- Activity -
Show me every line in the listing that has the word "roll".

- Information provided -
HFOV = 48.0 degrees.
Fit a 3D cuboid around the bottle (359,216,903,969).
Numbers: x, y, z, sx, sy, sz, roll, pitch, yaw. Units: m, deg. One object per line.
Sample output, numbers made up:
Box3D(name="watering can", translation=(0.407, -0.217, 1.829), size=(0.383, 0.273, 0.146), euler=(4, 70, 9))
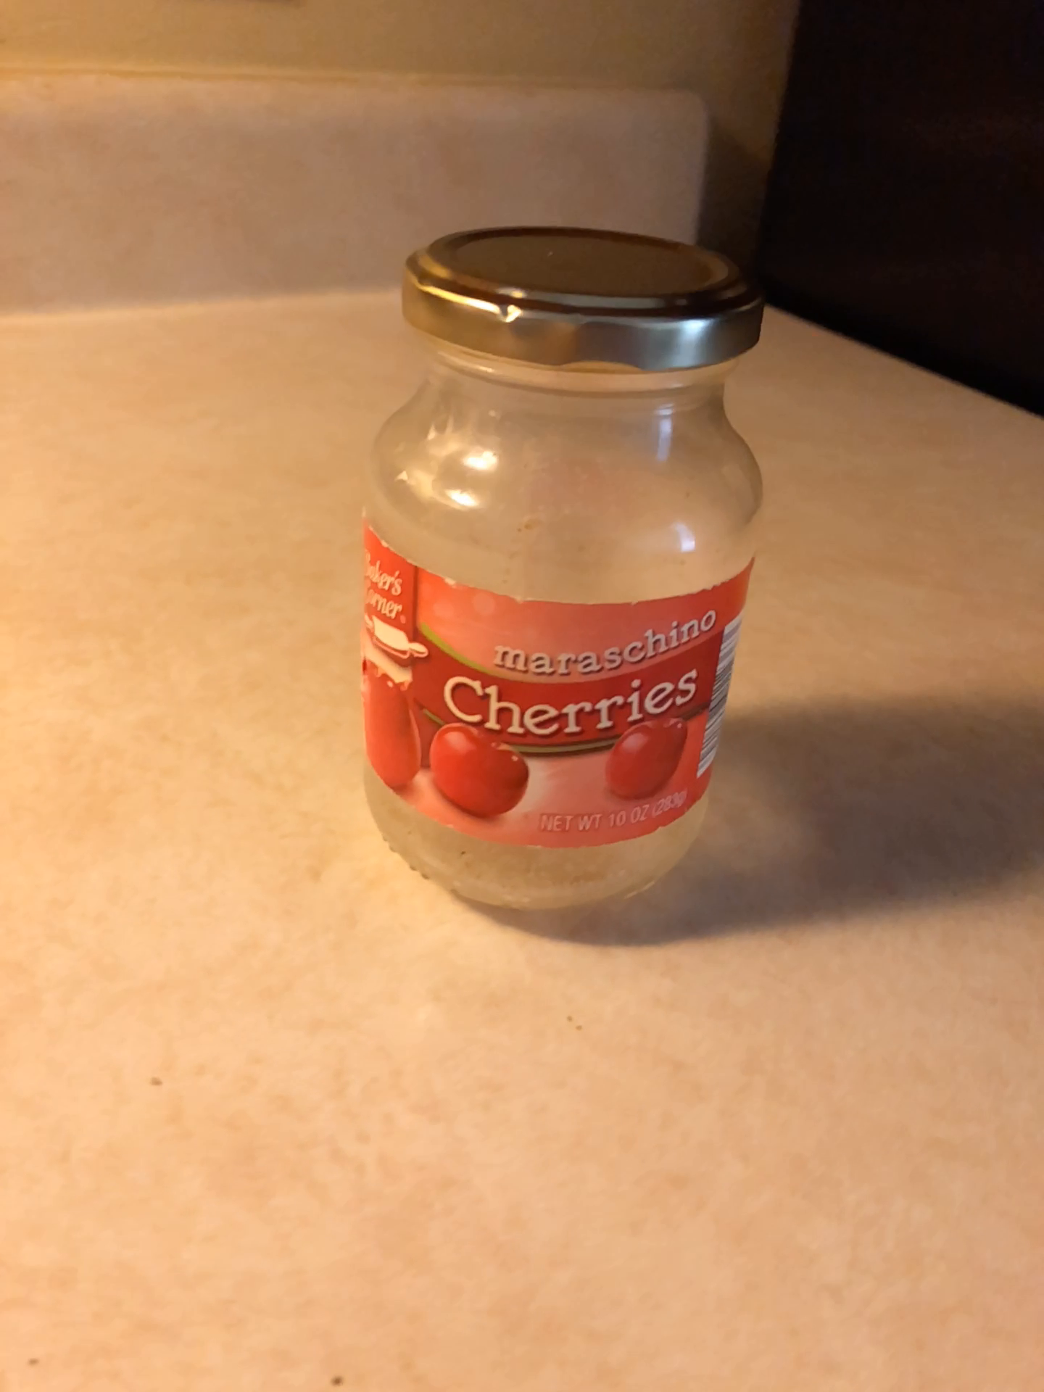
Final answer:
Box3D(name="bottle", translation=(0.008, -0.018, 0.207), size=(0.070, 0.110, 0.070), euler=(3, 31, -2))
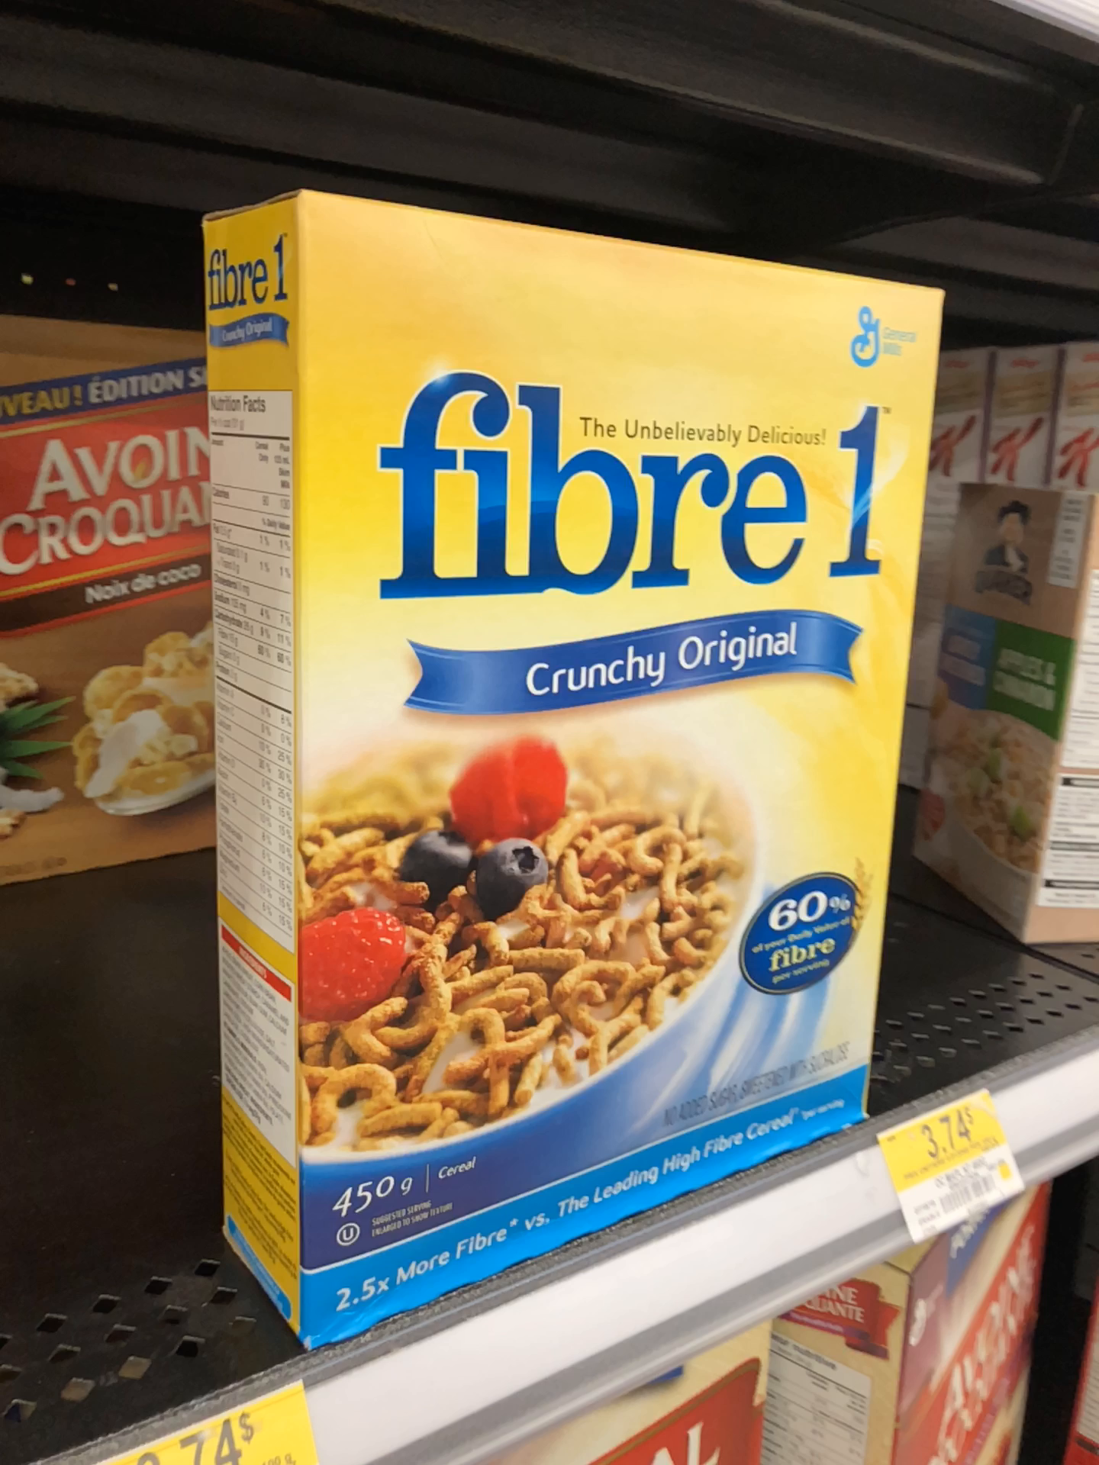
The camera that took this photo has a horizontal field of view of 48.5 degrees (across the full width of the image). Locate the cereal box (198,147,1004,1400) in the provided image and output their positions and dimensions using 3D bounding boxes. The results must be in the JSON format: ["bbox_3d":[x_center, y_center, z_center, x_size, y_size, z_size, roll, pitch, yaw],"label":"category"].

- Answer to this exercise -
Numbers: x, y, z, sx, sy, sz, roll, pitch, yaw. Units: m, deg. One object per line.
The camera that took this photo has a horizontal field of view of 48.5 degrees (across the full width of the image). Locate the cereal box (198,147,1004,1400) in the provided image and output their positions and dimensions using 3D bounding boxes. The results must be in the JSON format: ["bbox_3d":[x_center, y_center, z_center, x_size, y_size, z_size, roll, pitch, yaw],"label":"category"].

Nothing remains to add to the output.